Output the line containing "- barbecue sauce", then every remaining line of the entries below, exactly as written and with no other text.

----- Records provided

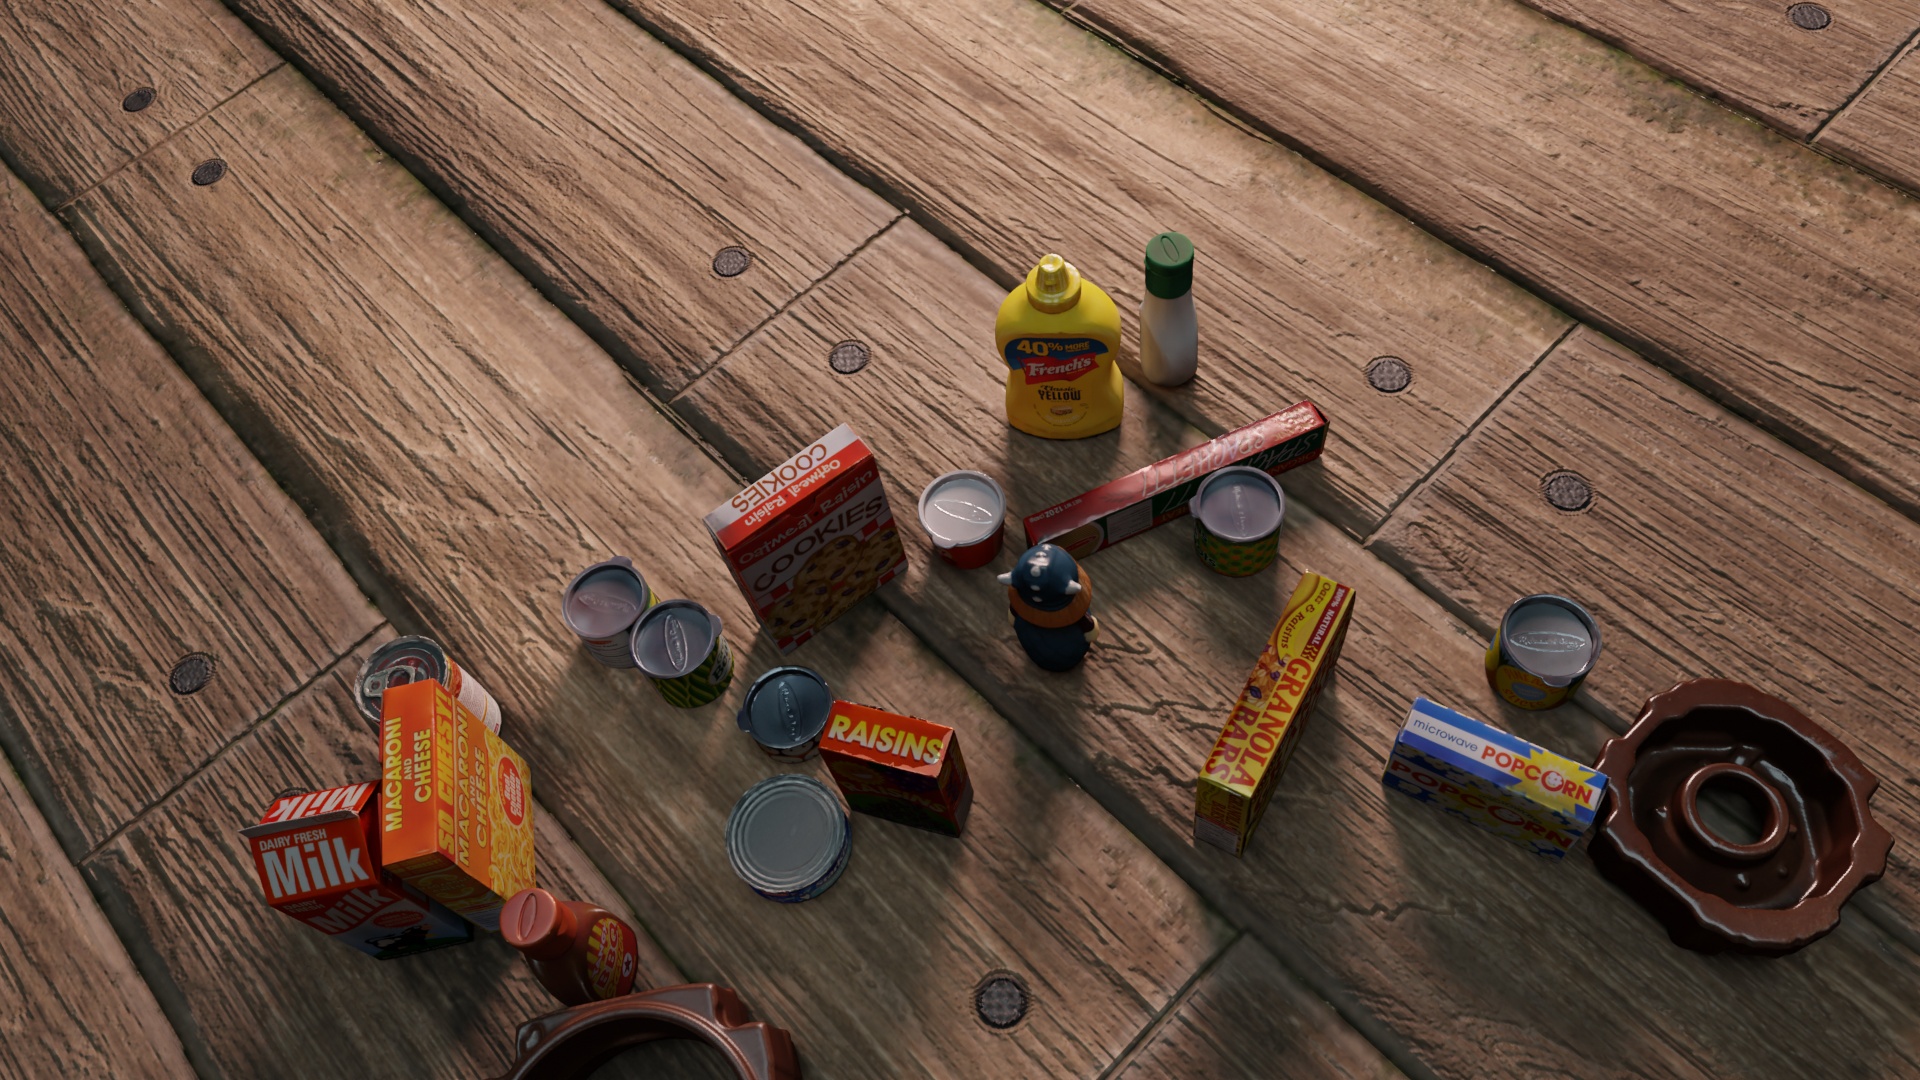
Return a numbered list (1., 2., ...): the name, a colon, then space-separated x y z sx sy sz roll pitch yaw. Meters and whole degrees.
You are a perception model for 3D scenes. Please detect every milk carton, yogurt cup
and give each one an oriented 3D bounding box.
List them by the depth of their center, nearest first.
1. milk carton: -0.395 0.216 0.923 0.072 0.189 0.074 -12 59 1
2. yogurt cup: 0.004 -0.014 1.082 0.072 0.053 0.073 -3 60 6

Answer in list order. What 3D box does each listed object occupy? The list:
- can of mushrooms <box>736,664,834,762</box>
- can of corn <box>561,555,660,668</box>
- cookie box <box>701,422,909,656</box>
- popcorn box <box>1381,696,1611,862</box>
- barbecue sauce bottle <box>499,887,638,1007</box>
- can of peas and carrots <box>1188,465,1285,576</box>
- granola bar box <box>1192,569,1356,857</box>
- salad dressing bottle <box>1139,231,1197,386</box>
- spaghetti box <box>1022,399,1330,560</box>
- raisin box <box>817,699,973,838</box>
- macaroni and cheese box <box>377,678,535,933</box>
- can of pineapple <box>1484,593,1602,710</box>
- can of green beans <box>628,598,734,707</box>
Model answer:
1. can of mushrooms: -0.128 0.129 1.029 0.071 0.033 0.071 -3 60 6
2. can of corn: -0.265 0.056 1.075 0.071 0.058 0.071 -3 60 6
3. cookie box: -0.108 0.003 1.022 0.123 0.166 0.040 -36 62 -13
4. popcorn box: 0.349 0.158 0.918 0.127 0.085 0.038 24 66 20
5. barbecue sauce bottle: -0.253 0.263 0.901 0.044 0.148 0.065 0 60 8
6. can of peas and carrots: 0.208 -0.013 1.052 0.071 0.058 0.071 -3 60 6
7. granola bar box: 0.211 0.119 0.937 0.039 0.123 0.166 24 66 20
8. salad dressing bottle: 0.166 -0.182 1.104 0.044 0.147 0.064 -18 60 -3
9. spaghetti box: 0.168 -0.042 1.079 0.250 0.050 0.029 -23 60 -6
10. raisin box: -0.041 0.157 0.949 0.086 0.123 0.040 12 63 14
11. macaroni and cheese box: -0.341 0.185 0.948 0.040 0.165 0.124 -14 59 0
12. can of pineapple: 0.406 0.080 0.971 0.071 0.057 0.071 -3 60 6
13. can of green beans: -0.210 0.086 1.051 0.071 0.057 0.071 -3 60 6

----------

### Written answer
- barbecue sauce bottle <box>499,887,638,1007</box>
- can of peas and carrots <box>1188,465,1285,576</box>
- granola bar box <box>1192,569,1356,857</box>
- salad dressing bottle <box>1139,231,1197,386</box>
- spaghetti box <box>1022,399,1330,560</box>
- raisin box <box>817,699,973,838</box>
- macaroni and cheese box <box>377,678,535,933</box>
- can of pineapple <box>1484,593,1602,710</box>
- can of green beans <box>628,598,734,707</box>
Model answer:
1. can of mushrooms: -0.128 0.129 1.029 0.071 0.033 0.071 -3 60 6
2. can of corn: -0.265 0.056 1.075 0.071 0.058 0.071 -3 60 6
3. cookie box: -0.108 0.003 1.022 0.123 0.166 0.040 -36 62 -13
4. popcorn box: 0.349 0.158 0.918 0.127 0.085 0.038 24 66 20
5. barbecue sauce bottle: -0.253 0.263 0.901 0.044 0.148 0.065 0 60 8
6. can of peas and carrots: 0.208 -0.013 1.052 0.071 0.058 0.071 -3 60 6
7. granola bar box: 0.211 0.119 0.937 0.039 0.123 0.166 24 66 20
8. salad dressing bottle: 0.166 -0.182 1.104 0.044 0.147 0.064 -18 60 -3
9. spaghetti box: 0.168 -0.042 1.079 0.250 0.050 0.029 -23 60 -6
10. raisin box: -0.041 0.157 0.949 0.086 0.123 0.040 12 63 14
11. macaroni and cheese box: -0.341 0.185 0.948 0.040 0.165 0.124 -14 59 0
12. can of pineapple: 0.406 0.080 0.971 0.071 0.057 0.071 -3 60 6
13. can of green beans: -0.210 0.086 1.051 0.071 0.057 0.071 -3 60 6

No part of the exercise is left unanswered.